Operators should always infer to the smallest integer type that can contain all possible values.

(int, int<N>, uint or uint<N>) + number -> number
int + any integer type -> int
uint + (uint or uint<N>) -> uint
int<N> + int<M> -> int<max(N, M) + 1>
int<N> + uint<M> -> int<max(N, M + 1) + 1>
uint<N> + uint<M> -> uint<max(N, M) + 1>

- is almost the same as +, with two exceptions:
uint - (uint or uint<N>) -> int
uint<N> - uint<M> -> int<max(N, M) + 1>

int * (uint, int) -> int
uint * uint -> uint
int<N> * int<M> -> int<N + M>
(int<N + M - 1> is not big enough, consider -2^(N-1) * -2^(M-1) = 2^(N + M - 2)

/ always return `number`

int % (int, uint, int<N>, uint<N>) -> int
uint % (int, uint, int<N>, uint<N>) -> uint
int<N> % (int, uint) -> int<N>
uint<N> % (int, uint) -> uint<N>
int<N> % int<M> -> int<min(N, M)>
int<N> % uint<M> -> int<min(N, M+1)>
uint<N> % int<M> -> uint<max(min(N, M - 1), 1)>
uint<N> % uint<M> -> uint<min(N, M)>

int & (int or int<N>) -> int<32>
int<N> & int<M> -> int<min(N, M, 32)>
uint<N> follows the rules of int<N+1>
(uint & uint !== uint, for example 4294967295 & 4294967295 === -1)

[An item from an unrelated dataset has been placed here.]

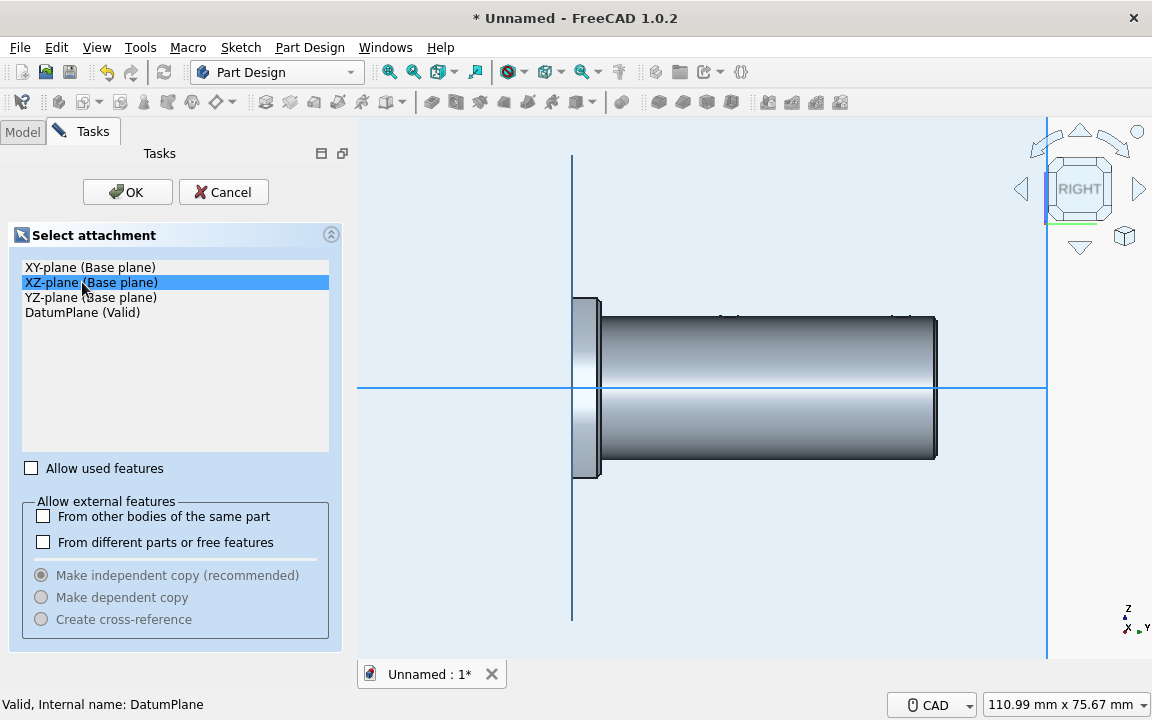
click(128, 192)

| and ^ have the same behavior as &

~int -> int
~uint -> int
~int<N> -> int<N>
~uint<N> -> int<N + 1>

<< always returns an int<32>

(number, uint) >> any -> uint<32>
int >> any -> int<32>
int<N> >> any -> int<min(N, 32)>
uint<N> >> any -> uint<min(N, 32)>

(number, uint or int) >> any -> uint<32>
int<N> >>> any -> uint<32> (Consider -1 (int<1>), -1 >>> 0 === 429467295 === max value of uint<32>
uint<N> >>> any -> uint<min(N - 1, 32)>

Certain assignment operators are not supported on integer types. In short:
Let Op be an operator. x Op= y is allowed iff x = x Op y is allowed.
That means that the following operators are not supported and usage will give an error:

int: x /= y

uint: x /= y, x--, --x

int<N>, uint<N>: x /= y, x++, ++x, x--, --x, x += y, x -= y, x *= y

int<N>
if N < 32, then: x <<= y
if N <= 32, then: x >>>= y

uint<N>
if N < 32, then: x <<= y, x >>>= y

Breaking changes

Type inference can change depending on how it will be implemented. Also changing existing definitions can break things:

let arr = [];
let length = arr.length;
length = 1.5;

Changing the definition of the length property to a uint would break this code, though I don't think this pattern will be used a lot.
Such problems can easily be fixed using a type annotation (in this case let length: number = arr.length;).

Questions

  1. Should integer types be namespaced under number? Thus, let x: int vs. let x: number.int
  2. Which syntax should be used for sized integers? int<8>/number.int<8> or int8/number.int8?
  3. Can we make the emit of int<n>(x) (n < 32) better? The current looks and performs bad. Solved using http://blog.vjeux.com/2013/javascript/conversion-from-uint8-to-int8-x-24.html
  4. How should type inference be handled? See the question above, in paragraph called 'Type inference'.
  5. Can undefined and null be assigned to an integer type? The conversion functions convert them to 0. Allowing undefined would mean that int + int could be NaN (if one operand is undefined), while NaN is not assignable to an int. I'd say that undefined and null shouldn't be assignable to an integer type, and that declaring a variable (also class property) with an integer type and without an initializer would be an error.

All feedback is welcome. If you're responding to one of these questions, please include the number of the question. If this proposal will be accepted, I can try to create a PR for this.